Merry Christmas from your friends at Boreal Community Media

Dec 25, 2022 05:08AM ● By Editor
Greetings from Boreal Community Media - December 24, 2022

The staff, volunteers and Board of Directors of Boreal Community Media wish you, your family and friends a safe, peaceful and joyful Christmas season.  We appreciate your support in 2022 and look forward to serving our communities throughout the New Year!

Post Holidays, some get the blues because of the long wintertime ahead.  And after the Blue Blizzard of December 14 - 17 and the bone chilling and damaging winds during this week of Christmas that descended on the North Shore, it would be understandable if you said "enough already" about the Winter of 2022-23.

But there are many gifts to be discovered in the snowy months ahead. Today, we celebrate a few of the many artists from yesterday and today in all genres who have found reasons to celebrate the longest season in their creative expressions.  


In Poetry

“Blow, blow, thou winter wind” by William Shakespeare

Blow, blow, thou winter wind, 
   Thou art not so unkind 
      As man’s ingratitude; 
   Thy tooth is not so keen, 
Because thou art not seen, 
      Although thy breath be rude. 
Heigh-ho! sing, heigh-ho! unto the green holly: 
Most friendship is feigning, most loving mere folly: 
   Then, heigh-ho, the holly! 
      This life is most jolly. 
   Freeze, freeze, thou bitter sky, 
   That dost not bite so nigh 
      As benefits forgot: 
   Though thou the waters warp, 
      Thy sting is not so sharp 
      As friend remembered not. 
Heigh-ho! sing, heigh-ho! unto the green holly...
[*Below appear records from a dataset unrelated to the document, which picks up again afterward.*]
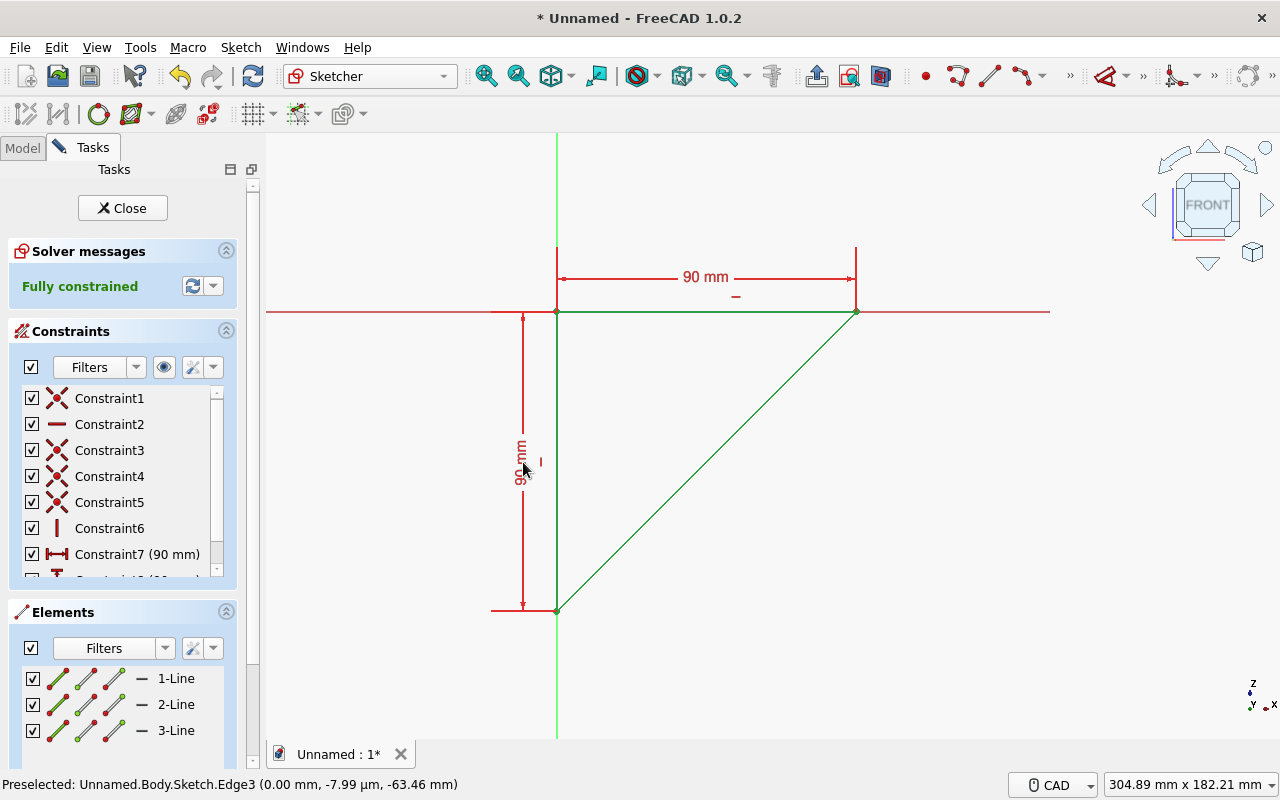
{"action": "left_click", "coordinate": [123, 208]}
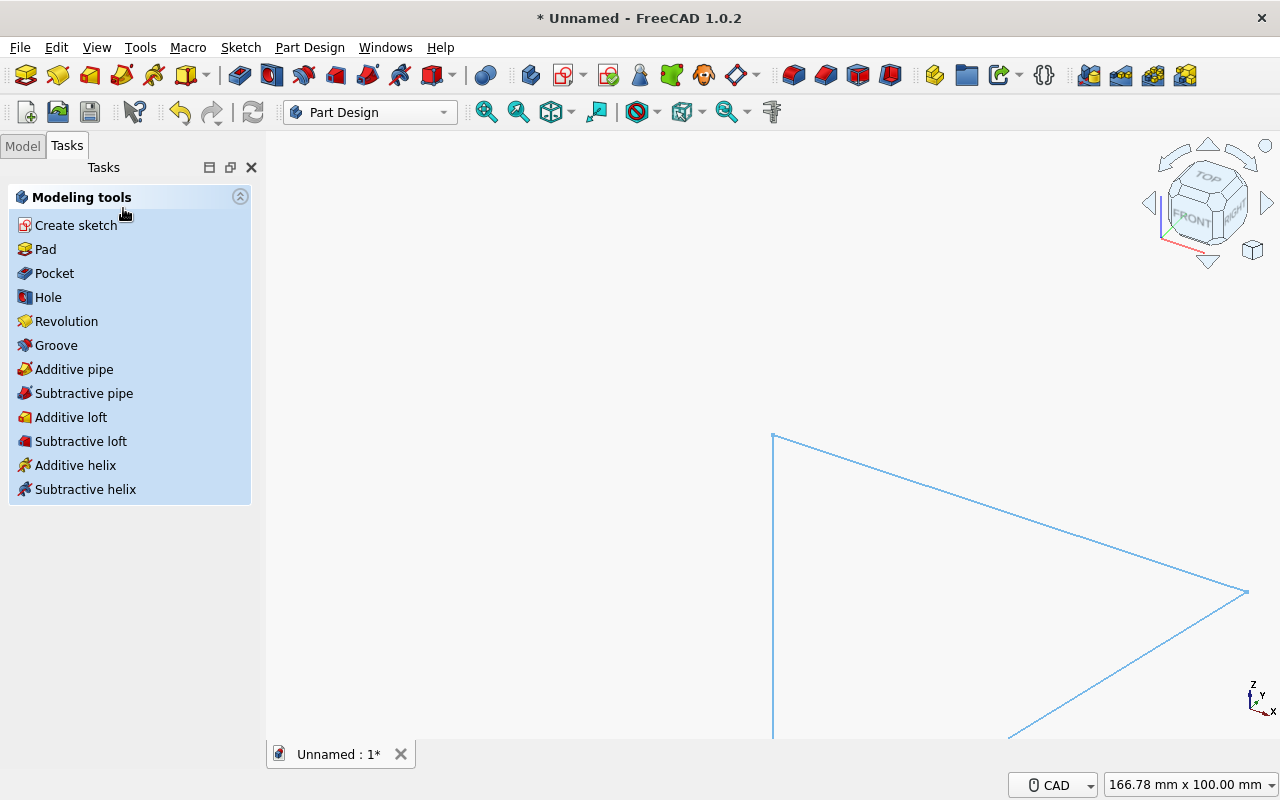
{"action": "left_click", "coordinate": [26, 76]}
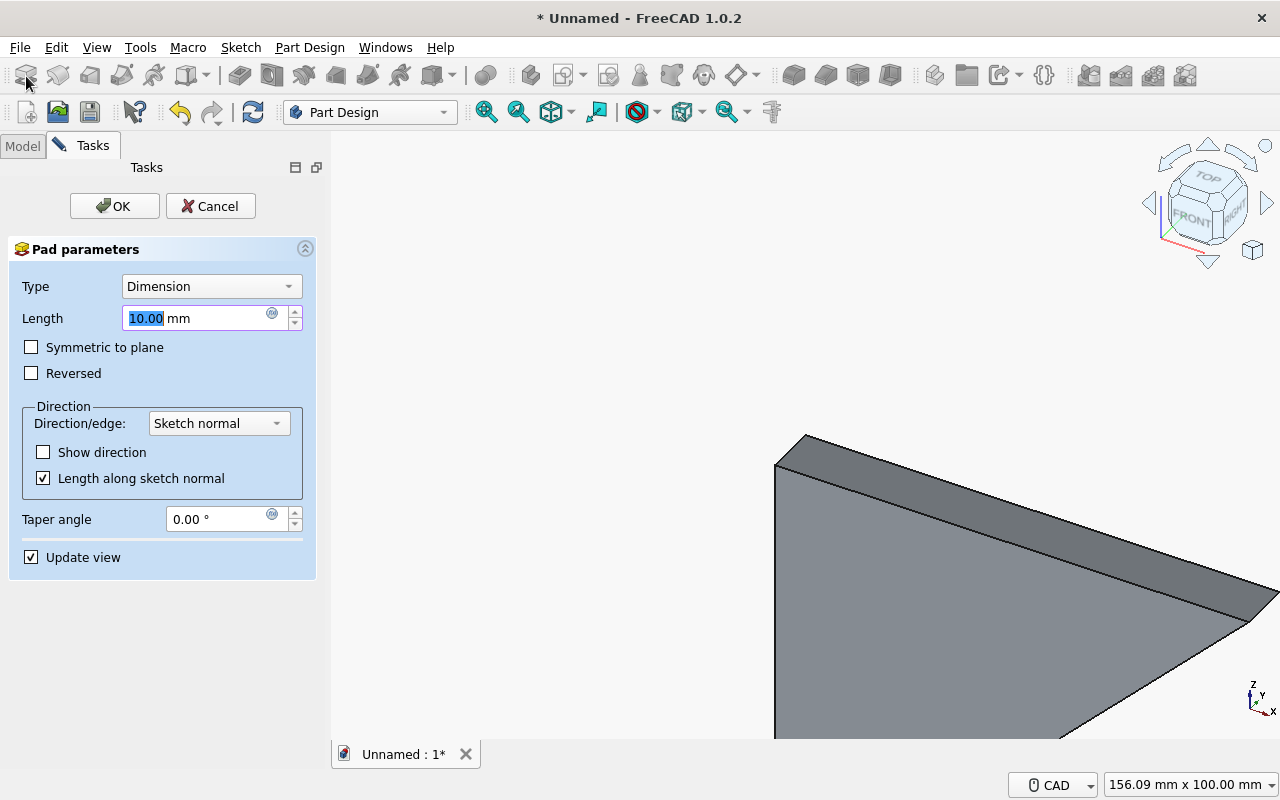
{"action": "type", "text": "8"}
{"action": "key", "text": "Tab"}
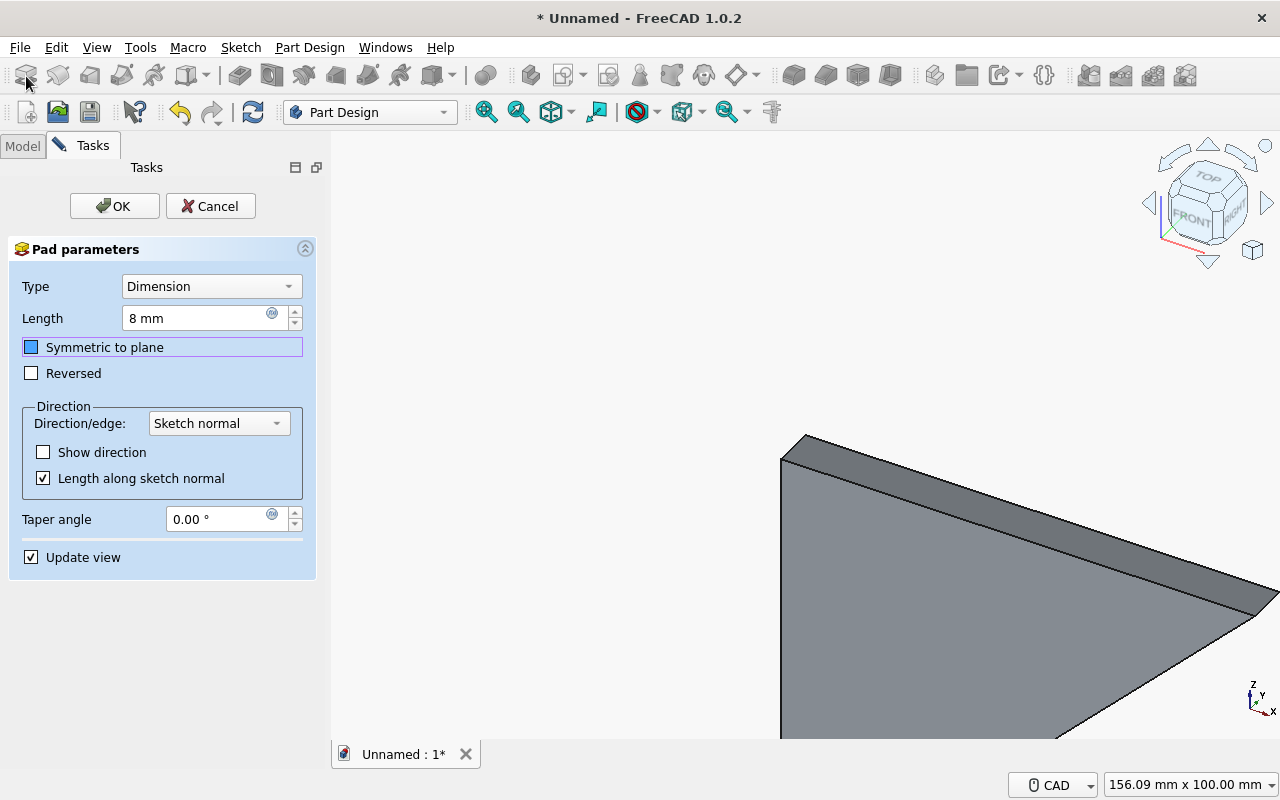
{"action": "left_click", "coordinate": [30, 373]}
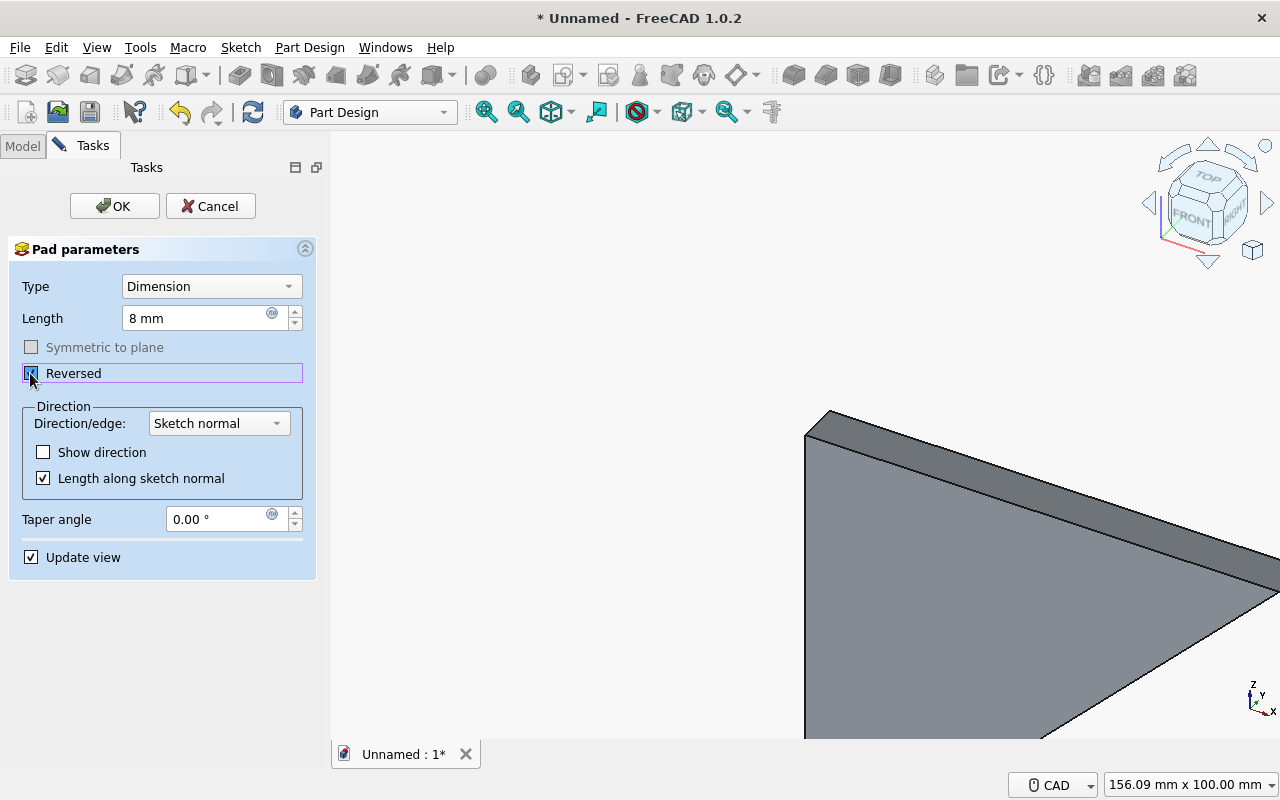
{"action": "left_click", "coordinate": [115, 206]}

"Wintertime" by Robert Louis Stevenson

Late lies the wintry sun a-bed,   
A frosty, fiery sleepy-head;   
Blinks but an hour or two; and then,   
A blood-red orange, sets again.   

Before the stars have left the skies, 
At morning in the dark I rise;   
And shivering in my nakedness,   
By the cold candle, bathe and dress.   

Close by the jolly fire I sit   
To warm my frozen bones a bit; 
Or with a reindeer-sled, explore   
The colder countries round the door.   

When to go out, my nurse doth wrap   
Me in my comforter and cap;   
The cold wind burns my face, and blows 
Its frosty pepper up my nose.   

Black are my steps on silver sod;   
Thick blows my frosty breath abroad;   
And tree and house, and hill and lake,   
Are frosted like a wedding-cake.

In Fine Art

Claude Monet: The Magpie is created during the winter of 1868 - 1869 near the commune of Étretat in Normandy. 

Between 1867 and 1893, Monet and fellow Impressionists Alfred Sisley and Pissarro painted hundreds of landscapes illustrating the natural effect of snow (effet de neige).  This is Monet's largest winter painting depicting a single blackbird on a fence – what is most thrilling about the work is the shadows on the snow - done not in black but convention shocking blue.

And finally, in Song

Watch below to see Nora Jones perform “Wintertime” in her Live from Home mini-concert from 2020. Co-written with Wilco frontman Jeff Tweedy, the song speaks to longing and desire — it leaning into timely themes of seasonal depression. Yet Norah sings 'I'll make it through. In the wintertime, there's a candlelight I only get from you.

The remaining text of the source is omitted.